Report how many lines below contain the word "each". Give only the number.

Data extracted from a collection
=-=-=-=-=
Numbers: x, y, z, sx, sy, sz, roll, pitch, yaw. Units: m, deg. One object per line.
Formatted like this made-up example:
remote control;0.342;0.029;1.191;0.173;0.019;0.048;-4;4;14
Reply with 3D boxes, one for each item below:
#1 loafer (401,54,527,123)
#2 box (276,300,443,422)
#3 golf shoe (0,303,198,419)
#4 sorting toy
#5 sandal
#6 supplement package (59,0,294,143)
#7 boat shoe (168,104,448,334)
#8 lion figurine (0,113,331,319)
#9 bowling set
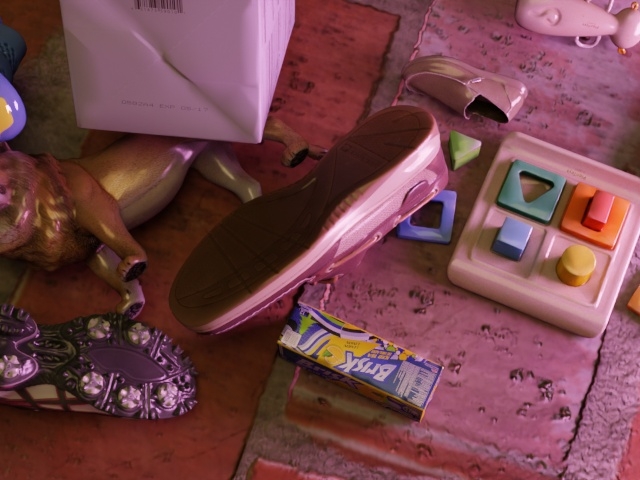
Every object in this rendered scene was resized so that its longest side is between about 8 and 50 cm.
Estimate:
loafer;0.164;-0.172;1.260;0.148;0.056;0.050;12;64;6
box;0.040;0.127;1.150;0.169;0.059;0.054;25;70;10
golf shoe;-0.265;0.132;1.141;0.273;0.120;0.105;14;62;-17
sorting toy;0.257;-0.013;1.203;0.348;0.047;0.196;22;72;9
sandal;-0.388;-0.201;1.209;0.138;0.126;0.317;-25;39;-23
supplement package;-0.141;-0.265;1.175;0.199;0.198;0.262;6;40;4
boat shoe;0.000;0.000;1.160;0.342;0.123;0.123;-40;44;-14
lion figurine;-0.200;-0.075;1.210;0.392;0.142;0.240;-31;63;-24
bowling set;0.329;-0.389;1.279;0.154;0.287;0.200;11;37;-1
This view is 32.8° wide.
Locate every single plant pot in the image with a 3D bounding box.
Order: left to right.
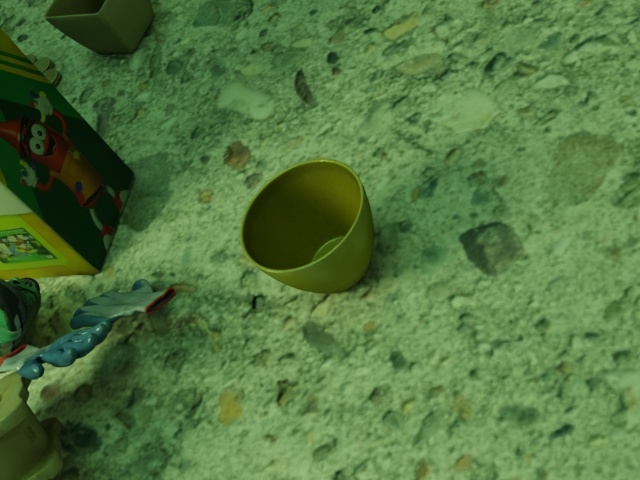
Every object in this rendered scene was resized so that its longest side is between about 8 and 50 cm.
[{"bbox_3d":[-0.297,-0.319,1.515,0.109,0.096,0.109,4,58,34],"label":"plant pot"},{"bbox_3d":[0.000,0.000,1.085,0.134,0.095,0.134,-16,49,19],"label":"plant pot"}]

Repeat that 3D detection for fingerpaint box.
[{"bbox_3d":[-0.514,-0.110,1.294,0.444,0.371,0.163,-5,54,29],"label":"fingerpaint box"}]

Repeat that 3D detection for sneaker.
[{"bbox_3d":[-0.347,0.064,1.189,0.098,0.083,0.224,-59,6,-28],"label":"sneaker"}]

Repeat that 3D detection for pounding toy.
[{"bbox_3d":[-0.318,0.246,1.055,0.154,0.155,0.269,-31,14,-8],"label":"pounding toy"}]

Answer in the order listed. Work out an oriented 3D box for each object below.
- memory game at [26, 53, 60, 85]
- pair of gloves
[{"bbox_3d":[-0.454,-0.196,1.575,0.186,0.012,0.186,-16,50,20],"label":"memory game"},{"bbox_3d":[-0.245,0.089,1.146,0.159,0.023,0.198,-11,20,45],"label":"pair of gloves"}]
=-=-=-=-=
__TASK OUTPUT__.
2